Bu arada her şey, herkesin kendi cebinden. Kimseye hiçbir şey için para ödemek mümkün değil. Mesele cenaze olunca “komşu çemberi” diye bir şey söz konusu.
Mesela karşı komşumuz Emine Abla ile Kemal Abi kendi evlerini de cenaze evine döndürdüler başsağlığı ziyaretçileri için. Kapıları hep açıktı. Gelen yemekler onların mutfaklarından servis edildi.
Mutfaklarına kadar ayakkabılarla girilip çıkıldı. Fenalaşan olma ihtimaline karşı yanında tansiyon aletiyle gelen var. Sakinleştirici servisinden başkası sorumlu, yemek yemeyenleri “Ölümü öp” diyerek bir lokma da olsa yemeye zorlayan teyzeler ayrı...
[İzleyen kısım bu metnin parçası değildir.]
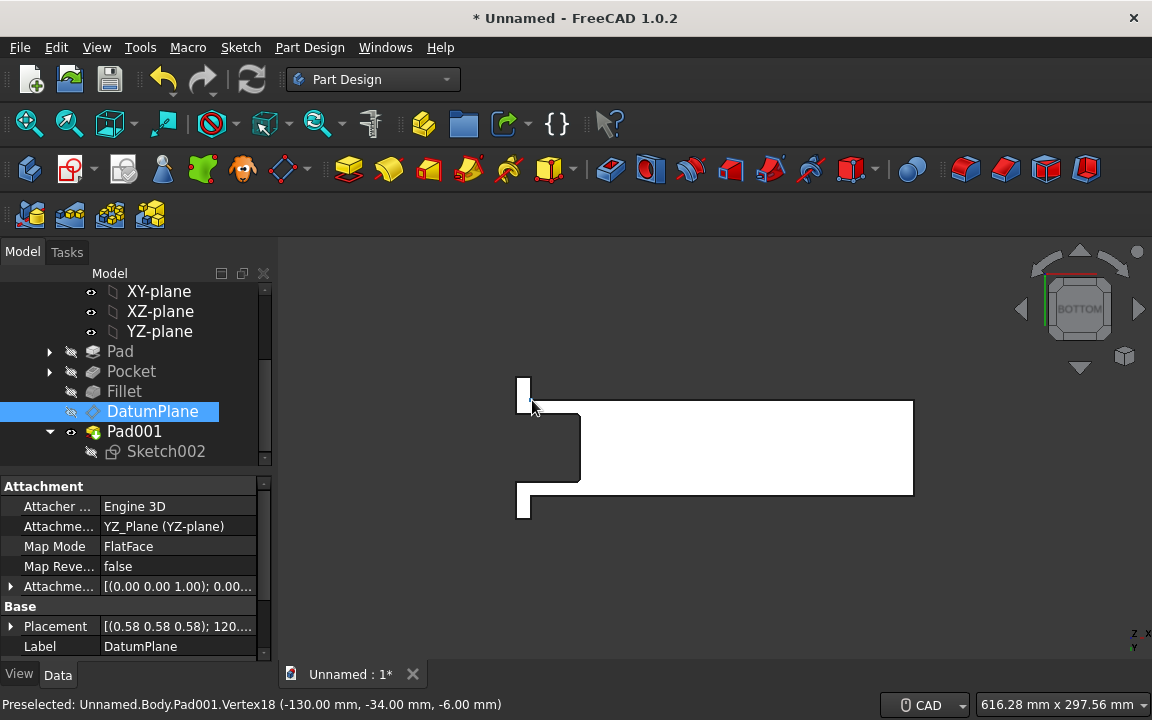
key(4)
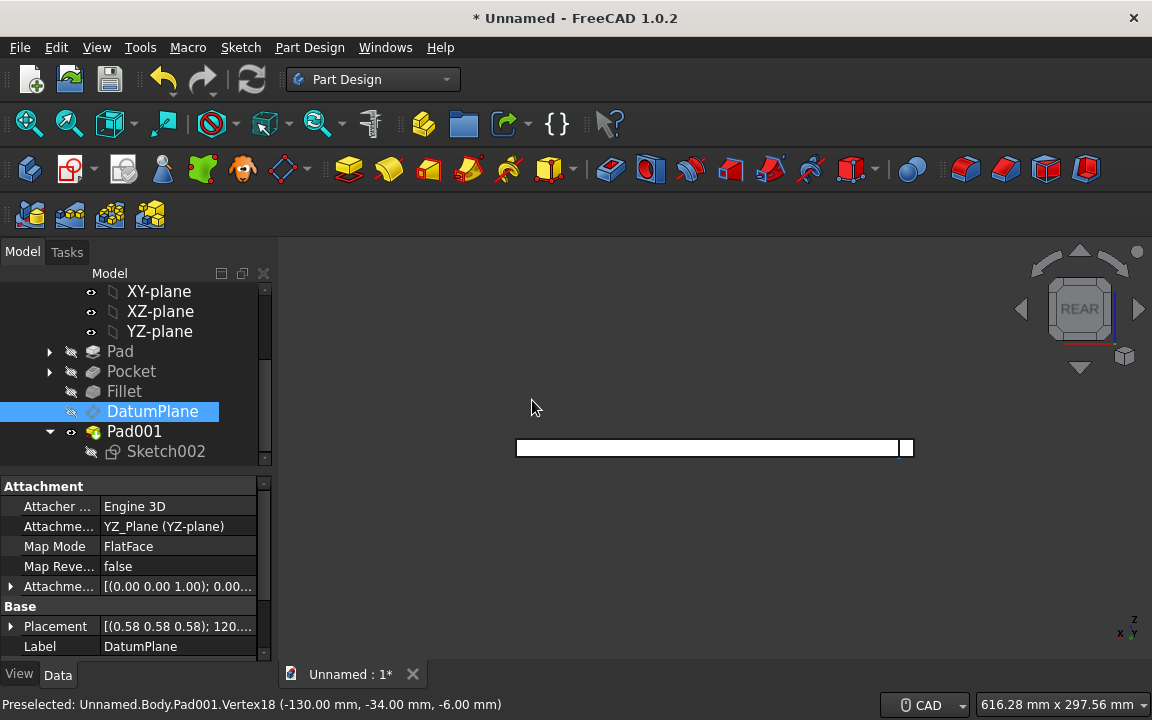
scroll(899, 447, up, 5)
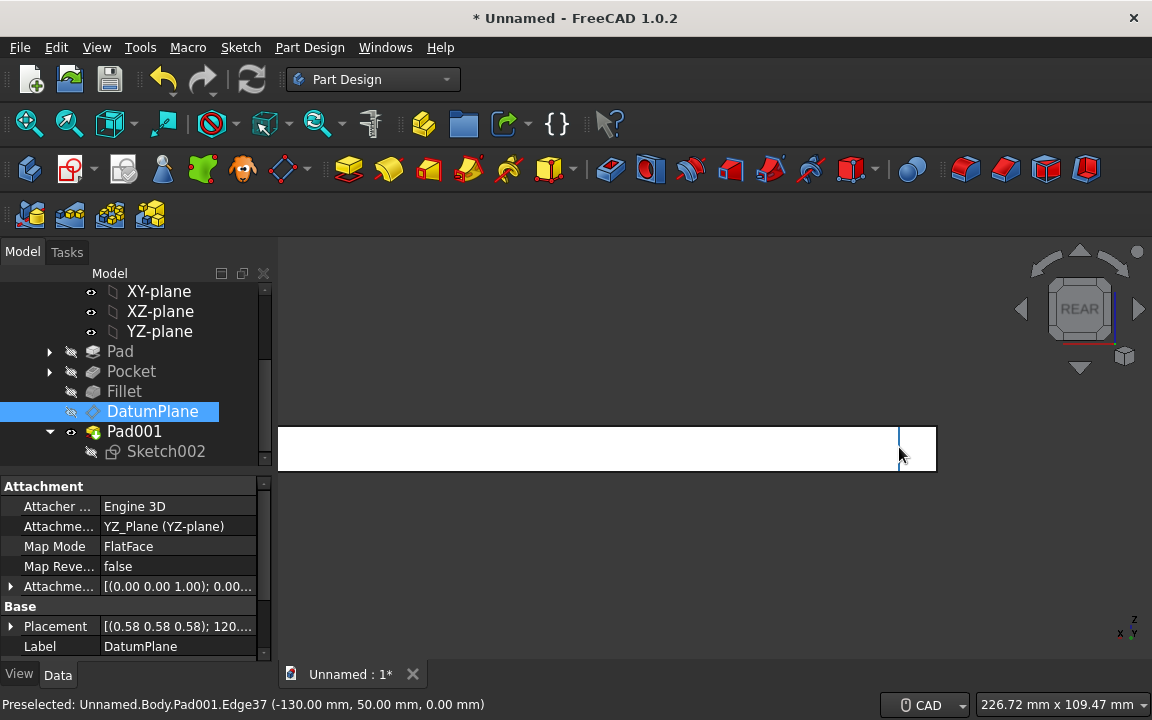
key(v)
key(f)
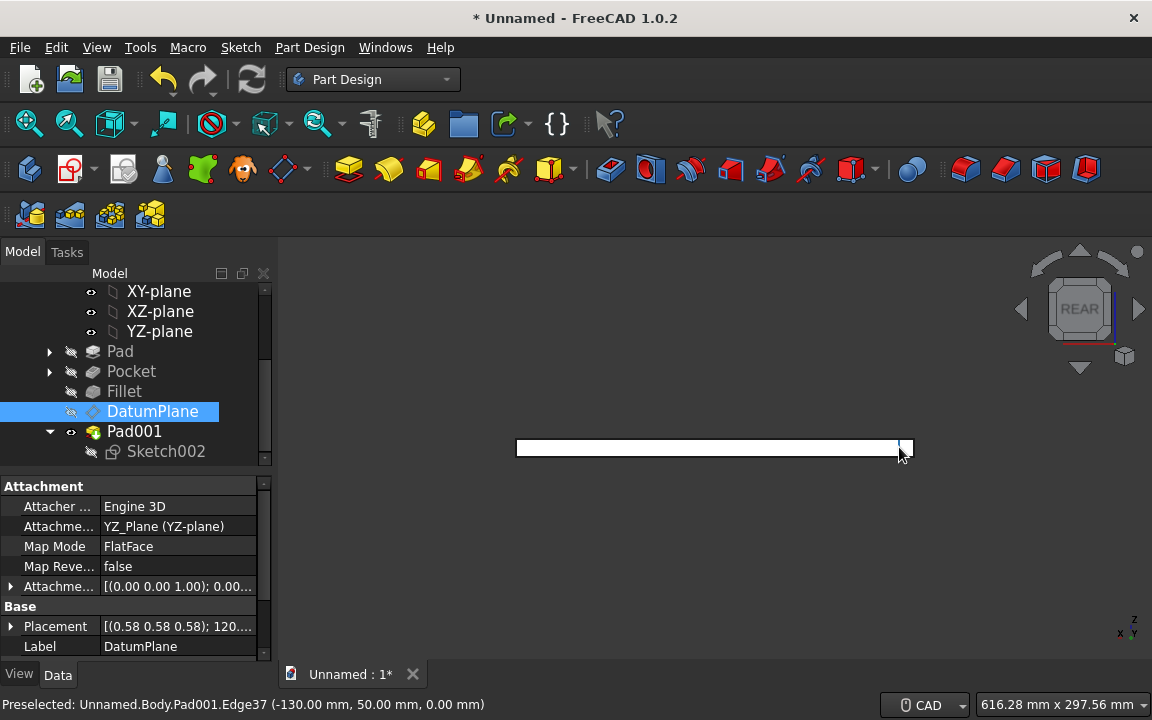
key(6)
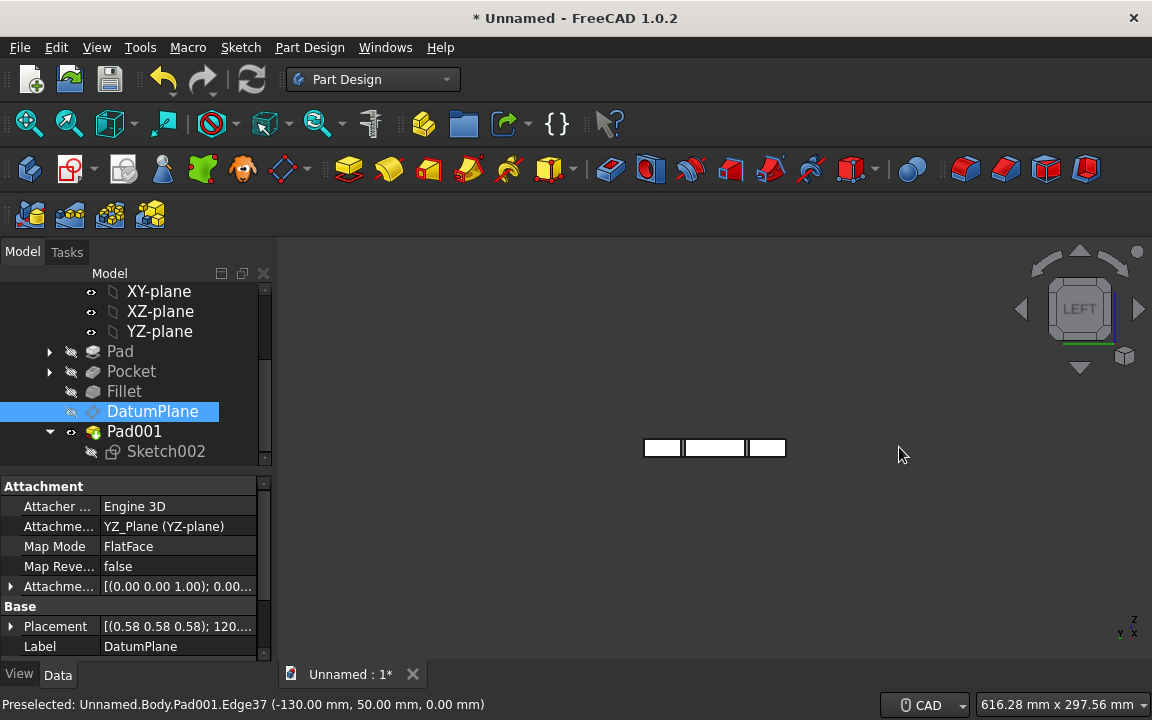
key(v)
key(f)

Bitmedi... Komşu çemberinin dışında bir de “esnaf çemberi” var. Karşıdaki kâğıtçı, kâğıt tabak göndermiş lazım olur diye.
Köşedeki Çalakaşık, maliyetinin altına yaptı tereyağlı tavuk-pilavımızı. Ortak tanıdıklar eksildikçe artık daha az görüşür ya insanlar... Dünyanın her yerinde böyledir. Tam tersi yaşanıyor burada. Ölüm, insanları dağıtacağına, bir araya getiriyor. Küsler falan barışıyor.
Ertesi sabah 9.00’da gasilhanede olmamız gerektiği söylenmişti. Toplandık, bekliyoruz.
Bir hoca gelip kendisinin bize atandığını anlatıyor; yıkama işleminin ardından 12.40’ta cenaze aracıyla birlikte geleceği, 13.20’de namazın başlayacağı bilgisini veriyor.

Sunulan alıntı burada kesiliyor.